Relatedly, on itwiki, this oldid crashes: https://it.wikipedia.org/wiki/Discussioni_utente:Nicelotus~itwiki?oldid=72298949 which looks like an instance of the same crasher above.

Event Timeline

ssastry triaged this task as High priority.Dec 20 2017, 3:51 PM

https://logstash.wikimedia.org/goto/d34dc5529f03feea26b0d80d8e68e2d0 is the logstash dashboard snapshot for last 30 days .. it looks like all the crasher instances are from last 24 hours and primarily from sandbox testing and the itwiki page.

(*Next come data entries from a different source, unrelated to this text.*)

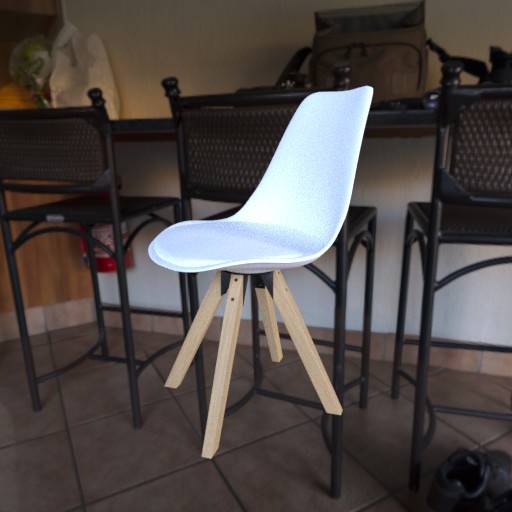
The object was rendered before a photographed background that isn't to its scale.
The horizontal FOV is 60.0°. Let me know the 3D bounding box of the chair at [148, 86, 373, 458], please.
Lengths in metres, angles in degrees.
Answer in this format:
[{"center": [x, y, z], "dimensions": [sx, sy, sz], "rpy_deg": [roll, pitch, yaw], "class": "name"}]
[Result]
[{"center": [0.000, 0.000, 1.176], "dimensions": [0.550, 0.849, 0.485], "rpy_deg": [-8, 18, -25], "class": "chair"}]
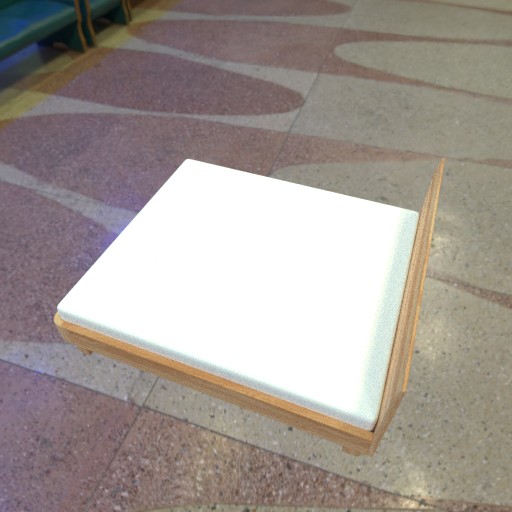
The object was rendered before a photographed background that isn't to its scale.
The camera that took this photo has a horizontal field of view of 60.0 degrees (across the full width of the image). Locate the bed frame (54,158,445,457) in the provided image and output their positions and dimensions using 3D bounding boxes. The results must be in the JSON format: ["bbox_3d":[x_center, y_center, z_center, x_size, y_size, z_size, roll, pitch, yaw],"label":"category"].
[{"bbox_3d":[0.000,0.000,3.077,2.092,0.940,1.872,16,48,15],"label":"bed frame"}]
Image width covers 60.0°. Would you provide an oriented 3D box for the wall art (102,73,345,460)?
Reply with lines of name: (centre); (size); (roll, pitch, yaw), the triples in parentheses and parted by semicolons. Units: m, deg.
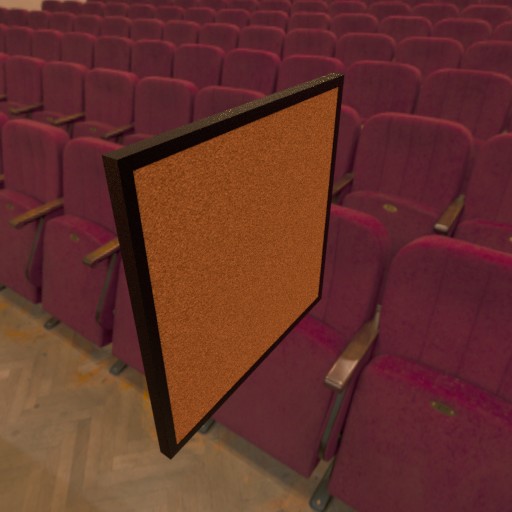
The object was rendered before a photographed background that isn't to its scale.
wall art: (0.000, 0.000, 1.126); (0.036, 0.755, 0.756); (21, 39, 29)
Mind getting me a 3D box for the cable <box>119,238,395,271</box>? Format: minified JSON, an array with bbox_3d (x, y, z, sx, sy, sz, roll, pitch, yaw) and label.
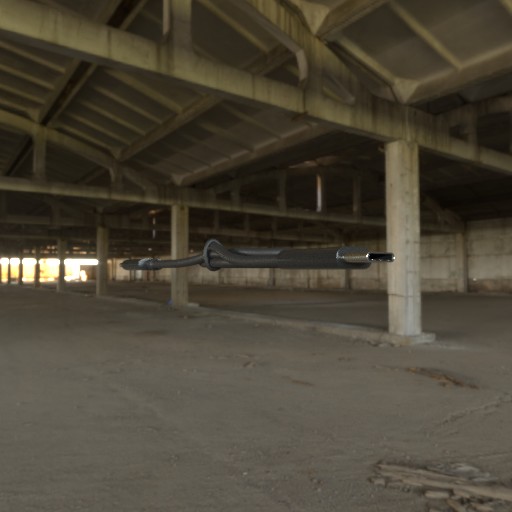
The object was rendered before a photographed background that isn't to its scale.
[{"bbox_3d":[0.000,0.000,0.206,0.070,0.014,0.186,1,-2,-36],"label":"cable"}]
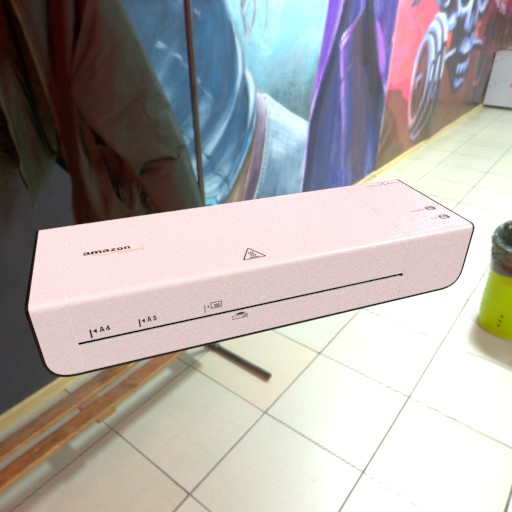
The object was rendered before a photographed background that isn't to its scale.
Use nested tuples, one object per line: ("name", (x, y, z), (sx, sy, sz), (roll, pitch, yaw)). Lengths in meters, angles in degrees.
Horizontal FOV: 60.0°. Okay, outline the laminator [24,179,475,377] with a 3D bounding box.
("laminator", (0.000, 0.000, 0.380), (0.340, 0.062, 0.123), (-10, 33, -17))
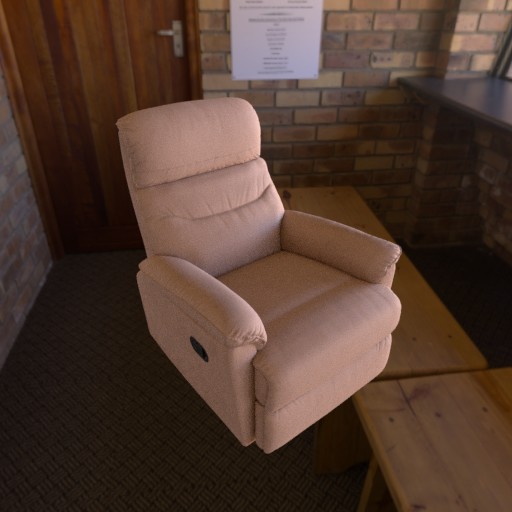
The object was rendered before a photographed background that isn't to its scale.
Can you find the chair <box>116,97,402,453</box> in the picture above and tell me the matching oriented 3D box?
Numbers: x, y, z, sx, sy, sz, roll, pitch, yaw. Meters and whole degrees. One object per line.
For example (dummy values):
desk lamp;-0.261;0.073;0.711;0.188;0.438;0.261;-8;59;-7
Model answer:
chair;0.000;0.000;1.739;0.820;1.037;1.004;-22;37;-33
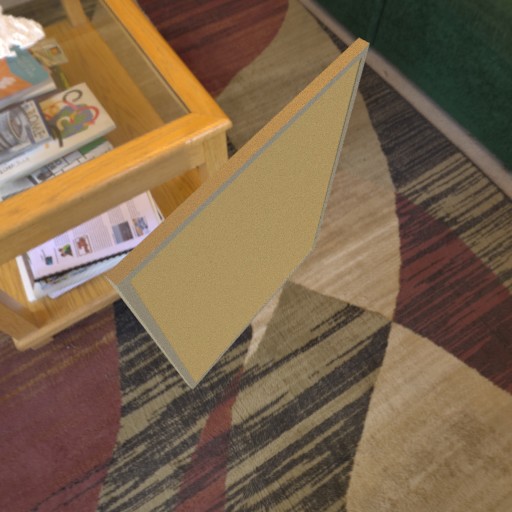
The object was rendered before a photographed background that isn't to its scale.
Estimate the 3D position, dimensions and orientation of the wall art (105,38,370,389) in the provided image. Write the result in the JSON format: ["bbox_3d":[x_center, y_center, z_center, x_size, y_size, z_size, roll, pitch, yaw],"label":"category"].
[{"bbox_3d":[0.000,0.000,1.367,0.034,1.042,0.789,36,69,16],"label":"wall art"}]
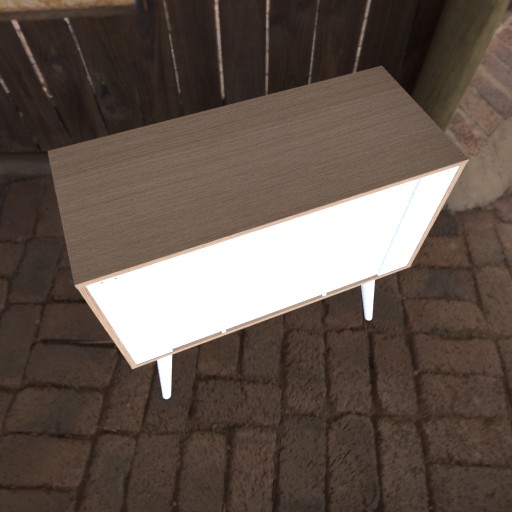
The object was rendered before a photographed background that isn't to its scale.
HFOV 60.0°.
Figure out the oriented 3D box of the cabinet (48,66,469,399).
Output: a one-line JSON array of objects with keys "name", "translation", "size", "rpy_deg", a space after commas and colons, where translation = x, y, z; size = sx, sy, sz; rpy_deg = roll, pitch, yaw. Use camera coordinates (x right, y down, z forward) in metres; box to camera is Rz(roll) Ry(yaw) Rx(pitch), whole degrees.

I took a quick peek at the code. This looks like a bug in the CachingScopeStack possibly. If I use the SimpleStack (or if I comment out the exception throw in CachingScopeStack), the code runs to completion and generates the same output as domino or what I can see in the browser.

Change 399760 had a related patch set uploaded (by Subramanya Sastry; owner: Subramanya Sastry):
[mediawiki/libs/RemexHtml@master] Fix linked list manipulation in CachedScopeStack

https://gerrit.wikimedia.org/r/399760

Change 399760 merged by jenkins-bot:
[mediawiki/libs/RemexHtml@master] Fix linked list manipulation in CachedScopeStack

https://gerrit.wikimedia.org/r/399760

Change 401412 had a related patch set uploaded (by Subramanya Sastry; owner: Subramanya Sastry):
[mediawiki/libs/RemexHtml@master] Add test case for T183379

https://gerrit.wikimedia.org/r/401412

Change 401412 merged by jenkins-bot:
[mediawiki/libs/RemexHtml@master] Add test case for T183379

https://gerrit.wikimedia.org/r/401412

Change 401416 had a related patch set uploaded (by Tim Starling; owner: Tim Starling):
[mediawiki/vendor@master] Update wikimedia/remex-html to 1.0.2

https://gerrit.wikimedia.org/r/401416

Change 401416 merged by jenkins-bot:
[mediawiki/vendor@master] Update wikimedia/remex-html to 1.0.2

https://gerrit.wikimedia.org/r/401416

This will go out with the mediawiki train this week.